CAMAL è riuscita ad attirare nuovi acquirenti da questi paesi. Una delle peculiarità del caffè del Malawi è che tende ad avere un gusto più morbido, e una minore acidità rispetto allo stesso prodotto africano.

Per promuovere una maggiore consapevolezza del mercato sulla qualità del caffè del Malawi, CAMAL ha unito le sue forze a quelle dell’Agenzia per lo sviluppo investimenti del Malawi (MIPA), del Growing Sustainable Business (GSB) del Programma Onu per lo sviluppo e dell’Agenzia Usa per lo sviluppo internazionale (USAID).

Secondo il broker della GSB Jan Willem van den Broek, i produttori di caffè sono sempre più consapevoli dell’alta qualità dei loro chicchi, e del loro potenziale di vendita sui mercati del caffè più esclusivi. “Dall’anno scorso, CAMAL ha adottato delle misure per trasformare il paese in una delle nazioni produttrici di caffè più specializzate nel mondo”, ha spiegato van den Broek.

Il Malawi, ha proseguito, ha sia il clima sia l’altitudine adatte per produrre un caffè di alta qualità, ma la maggior parte del caffè del paese viene esportato sotto forma di chicchi di caffè verde non lavorati.

Grazie a questa nuova iniziativa, CAMAL ha cominciato a dedicarsi alla lavorazione di miscele ed etichette locali proprie. Una di queste è il Caffè di Mzuzu, che viene prodotto nel Nord del paese dall’Unione cooperativa dei coltivatori di caffè di Mzuzu.

L’unione, che comprende 3.200 agricoltori piccoli proprietari, produce alcune tra le più alte qualità di caffè del Malawi.

“La cooperativa non si limita ad esportare chicchi di caffè, ma si occupa anche della tostatura e etichettatura del suo caffè di eccellenza col nome di “Caffè verde Malawi Mzuzu Special”. Nel 2005, il caffè tostato di Mzuzu ha vinto il primo concorso di caffè del paese, e da allora ha partecipato a numerosi concorsi internazionali”, ha segnalato van den Broek.

La maggiore visibilità sul mercato di CAMAL ha persino attirato esperti e compratori di caffè internazionali come David Roche del Coffee Quality Institute negli Usa, e di Craig Holt della Atlas Coffee Importers. Il Coffee Quality Institute è un’organizzazione no profit che lavora per migliorare la qualità del caffè nel mondo.

Roche e Holt hanno incontrato di recente i produttori di caffè del Malawi.

L’iniziativa di CAMAL punta a migliorare le esportazioni, e quindi lo scambio con l’estero, incrementando al tempo stesso i profitti dei produttori di caffè.

Come i produttori di altri paesi africani, i produttori del Malawi temono di dover fare i conti con barriere non tariffarie potenzialmente dannose imposte dall’Unione europea (Ue).

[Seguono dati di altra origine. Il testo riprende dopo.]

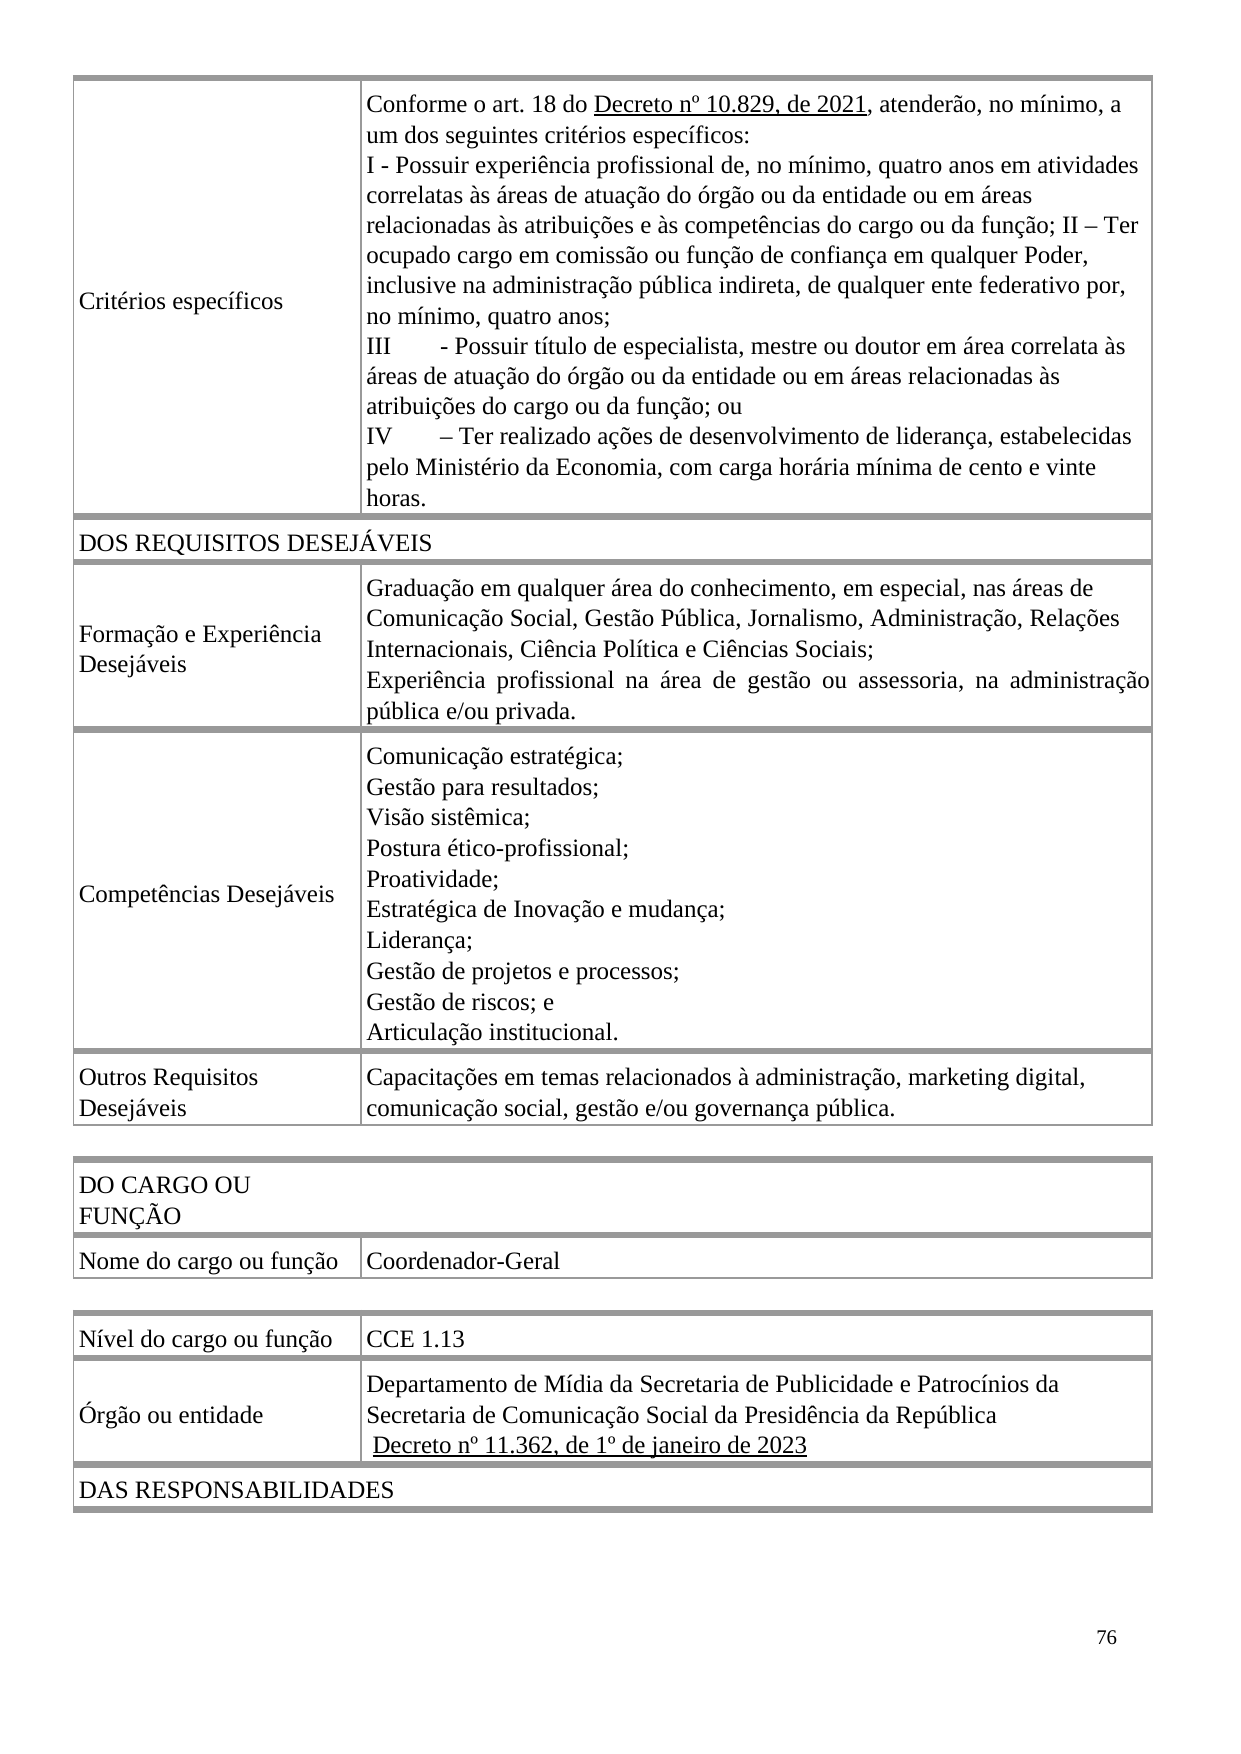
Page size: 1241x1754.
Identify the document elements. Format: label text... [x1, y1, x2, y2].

table_cell DOS REQUISITOS DESEJÁVEIS [74, 520, 1151, 558]
table_cell Competências Desejáveis [74, 733, 360, 1048]
table_cell Graduação em qualquer área do conhecimento, em especial, nas áreas de Comunicação Social, Gestão Pública, Jornalismo, Administração, Relações Internacionais, Ciência Política e Ciências Sociais; Experiência profissional na área de gestão ou assessoria, na administração pública e/ou privada. [362, 565, 1151, 726]
table_cell DAS RESPONSABILIDADES [74, 1468, 1151, 1506]
table_cell Outros Requisitos Desejáveis [74, 1054, 360, 1124]
table_cell Coordenador-Geral [362, 1238, 1151, 1277]
table_header DO CARGO OU FUNÇÃO [74, 1163, 361, 1232]
table_cell Comunicação estratégica; Gestão para resultados; Visão sistêmica; Postura ético-profissional; Proatividade; Estratégica de Inovação e mudança; Liderança; Gestão de projetos e processos; Gestão de riscos; e Articulação institucional. [362, 733, 1151, 1048]
table_cell Nome do cargo ou função [74, 1238, 360, 1277]
table_cell Órgão ou entidade [74, 1361, 360, 1461]
table_cell Formação e Experiência Desejáveis [74, 565, 360, 726]
table_cell Departamento de Mídia da Secretaria de Publicidade e Patrocínios da Secretaria de Comunicação Social da Presidência da República Decreto nº 11.362, de 1º de janeiro de 2023 [362, 1361, 1151, 1461]
table_cell Capacitações em temas relacionados à administração, marketing digital, comunicação social, gestão e/ou governança pública. [362, 1054, 1151, 1124]
table_cell Critérios específicos [74, 81, 360, 513]
table_header Nível do cargo ou função [74, 1316, 360, 1354]
table_header CCE 1.13 [362, 1316, 1151, 1354]
table_header [361, 1163, 1151, 1232]
table_cell Conforme o art. 18 do Decreto nº 10.829, de 2021, atenderão, no mínimo, a um dos seguintes critérios específicos: I - Possuir experiência profissional de, no mínimo, quatro anos em atividades correlatas às áreas de atuação do órgão ou da entidade ou em áreas relacionadas às atribuições e às competências do cargo ou da função; II – Ter ocupado cargo em comissão ou função de confiança em qualquer Poder, inclusive na administração pública indireta, de qualquer ente federativo por, no mínimo, quatro anos; - Possuir título de especialista, mestre ou doutor em área correlata às áreas de atuação do órgão ou da entidade ou em áreas relacionadas às atribuições do cargo ou da função; ou – Ter realizado ações de desenvolvimento de liderança, estabelecidas pelo Ministério da Economia, com carga horária mínima de cento e vinte horas. [362, 81, 1151, 513]

Secondo alcuni ambientalisti europei, trasportare prodotti da vendere in altri paesi per via aerea produce inquinamento, e perciò danneggia l’ambiente. Questo potrebbe vanificare gli sforzi del Malawi di aprire nuovi mercati per il suo prodotto.

CAMAL sta perciò lavorando anche a stretto contatto con altri nove paesi (Burundi, Etiopia, Kenya, Ruanda, Sud Africa, Tanzania, Uganda, Zambia e Zimbabwe) per poter commercializzare il caffè a livello globale nonostante le eventuali barriere poste dall’Ue.

I paesi africani stanno combattendo le sfide su un unico fronte attraverso l'organizzazione Eastern African Fine Coffees Association (EAFCA). In una recente visita, il direttore esecutivo di EAFCA, Philip Gitao, ha elogiato i produttori di caffè locali per il loro impegno a lavorare insieme.

Gitao ha partecipato al concorso “Test of Harvest”, volta ad incoraggiare i coltivatori a produrre un caffè in grado di competere sul mercato internazionale. Il vincitore del concorso ha ricevuto una piena sponsorizzazione per utilizzare i laboratori di Ginevra, Svizzera. L’unione cooperativa dei coltivatori di caffè di Mzuzu ha conquistato i primi due posti.